Activity:
From the first line to the last, print the records exactly, leaving out the pictures.

▼

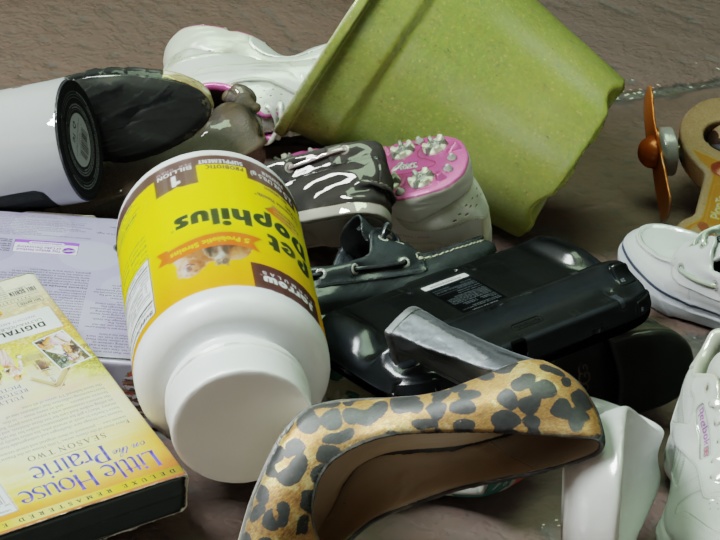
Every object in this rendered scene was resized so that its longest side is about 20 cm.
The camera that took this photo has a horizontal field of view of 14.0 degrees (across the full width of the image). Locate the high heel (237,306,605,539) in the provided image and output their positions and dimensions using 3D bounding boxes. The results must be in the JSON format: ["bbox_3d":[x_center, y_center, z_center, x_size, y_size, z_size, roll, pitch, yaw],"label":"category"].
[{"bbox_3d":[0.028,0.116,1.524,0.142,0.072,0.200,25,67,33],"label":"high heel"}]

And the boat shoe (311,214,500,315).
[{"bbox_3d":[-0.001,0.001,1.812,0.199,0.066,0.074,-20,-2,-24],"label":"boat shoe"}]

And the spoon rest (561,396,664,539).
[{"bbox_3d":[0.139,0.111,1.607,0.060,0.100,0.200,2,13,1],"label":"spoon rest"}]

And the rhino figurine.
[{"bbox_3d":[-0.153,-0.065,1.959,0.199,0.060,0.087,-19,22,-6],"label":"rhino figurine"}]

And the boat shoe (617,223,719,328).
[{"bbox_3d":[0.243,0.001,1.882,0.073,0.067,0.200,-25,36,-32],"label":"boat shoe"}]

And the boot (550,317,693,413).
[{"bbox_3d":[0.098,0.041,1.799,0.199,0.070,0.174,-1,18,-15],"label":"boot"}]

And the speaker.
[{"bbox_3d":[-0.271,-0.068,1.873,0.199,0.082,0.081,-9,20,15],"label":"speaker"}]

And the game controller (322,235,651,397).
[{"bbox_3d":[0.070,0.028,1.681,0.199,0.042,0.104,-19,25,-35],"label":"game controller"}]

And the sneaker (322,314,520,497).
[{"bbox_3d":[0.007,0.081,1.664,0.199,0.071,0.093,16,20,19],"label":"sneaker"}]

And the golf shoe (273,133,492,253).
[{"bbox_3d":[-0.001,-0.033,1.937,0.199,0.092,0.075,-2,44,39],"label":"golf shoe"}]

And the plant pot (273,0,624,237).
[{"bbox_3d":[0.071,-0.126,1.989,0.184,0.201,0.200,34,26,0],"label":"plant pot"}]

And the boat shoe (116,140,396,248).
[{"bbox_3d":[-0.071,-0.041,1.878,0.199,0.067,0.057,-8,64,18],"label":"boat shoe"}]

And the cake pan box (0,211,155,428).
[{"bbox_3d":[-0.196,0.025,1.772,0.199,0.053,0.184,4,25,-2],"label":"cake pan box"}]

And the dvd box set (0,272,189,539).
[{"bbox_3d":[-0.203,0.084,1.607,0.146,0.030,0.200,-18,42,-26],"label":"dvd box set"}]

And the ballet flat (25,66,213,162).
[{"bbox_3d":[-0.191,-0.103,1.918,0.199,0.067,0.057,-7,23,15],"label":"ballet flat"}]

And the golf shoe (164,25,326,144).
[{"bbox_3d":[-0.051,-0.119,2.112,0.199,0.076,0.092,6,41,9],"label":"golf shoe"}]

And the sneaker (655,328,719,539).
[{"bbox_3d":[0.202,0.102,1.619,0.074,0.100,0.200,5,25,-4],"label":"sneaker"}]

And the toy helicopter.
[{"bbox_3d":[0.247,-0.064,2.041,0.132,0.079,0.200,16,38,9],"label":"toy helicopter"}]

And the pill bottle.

▲

Result of the exercise:
Every object in this rendered scene was resized so that its longest side is about 20 cm.
The camera that took this photo has a horizontal field of view of 14.0 degrees (across the full width of the image). Locate the high heel (237,306,605,539) in the provided image and output their positions and dimensions using 3D bounding boxes. The results must be in the JSON format: ["bbox_3d":[x_center, y_center, z_center, x_size, y_size, z_size, roll, pitch, yaw],"label":"category"].
[{"bbox_3d":[0.028,0.116,1.524,0.142,0.072,0.200,25,67,33],"label":"high heel"}]

And the boat shoe (311,214,500,315).
[{"bbox_3d":[-0.001,0.001,1.812,0.199,0.066,0.074,-20,-2,-24],"label":"boat shoe"}]

And the spoon rest (561,396,664,539).
[{"bbox_3d":[0.139,0.111,1.607,0.060,0.100,0.200,2,13,1],"label":"spoon rest"}]

And the rhino figurine.
[{"bbox_3d":[-0.153,-0.065,1.959,0.199,0.060,0.087,-19,22,-6],"label":"rhino figurine"}]

And the boat shoe (617,223,719,328).
[{"bbox_3d":[0.243,0.001,1.882,0.073,0.067,0.200,-25,36,-32],"label":"boat shoe"}]

And the boot (550,317,693,413).
[{"bbox_3d":[0.098,0.041,1.799,0.199,0.070,0.174,-1,18,-15],"label":"boot"}]

And the speaker.
[{"bbox_3d":[-0.271,-0.068,1.873,0.199,0.082,0.081,-9,20,15],"label":"speaker"}]

And the game controller (322,235,651,397).
[{"bbox_3d":[0.070,0.028,1.681,0.199,0.042,0.104,-19,25,-35],"label":"game controller"}]

And the sneaker (322,314,520,497).
[{"bbox_3d":[0.007,0.081,1.664,0.199,0.071,0.093,16,20,19],"label":"sneaker"}]

And the golf shoe (273,133,492,253).
[{"bbox_3d":[-0.001,-0.033,1.937,0.199,0.092,0.075,-2,44,39],"label":"golf shoe"}]

And the plant pot (273,0,624,237).
[{"bbox_3d":[0.071,-0.126,1.989,0.184,0.201,0.200,34,26,0],"label":"plant pot"}]

And the boat shoe (116,140,396,248).
[{"bbox_3d":[-0.071,-0.041,1.878,0.199,0.067,0.057,-8,64,18],"label":"boat shoe"}]

And the cake pan box (0,211,155,428).
[{"bbox_3d":[-0.196,0.025,1.772,0.199,0.053,0.184,4,25,-2],"label":"cake pan box"}]

And the dvd box set (0,272,189,539).
[{"bbox_3d":[-0.203,0.084,1.607,0.146,0.030,0.200,-18,42,-26],"label":"dvd box set"}]

And the ballet flat (25,66,213,162).
[{"bbox_3d":[-0.191,-0.103,1.918,0.199,0.067,0.057,-7,23,15],"label":"ballet flat"}]

And the golf shoe (164,25,326,144).
[{"bbox_3d":[-0.051,-0.119,2.112,0.199,0.076,0.092,6,41,9],"label":"golf shoe"}]

And the sneaker (655,328,719,539).
[{"bbox_3d":[0.202,0.102,1.619,0.074,0.100,0.200,5,25,-4],"label":"sneaker"}]

And the toy helicopter.
[{"bbox_3d":[0.247,-0.064,2.041,0.132,0.079,0.200,16,38,9],"label":"toy helicopter"}]

And the pill bottle.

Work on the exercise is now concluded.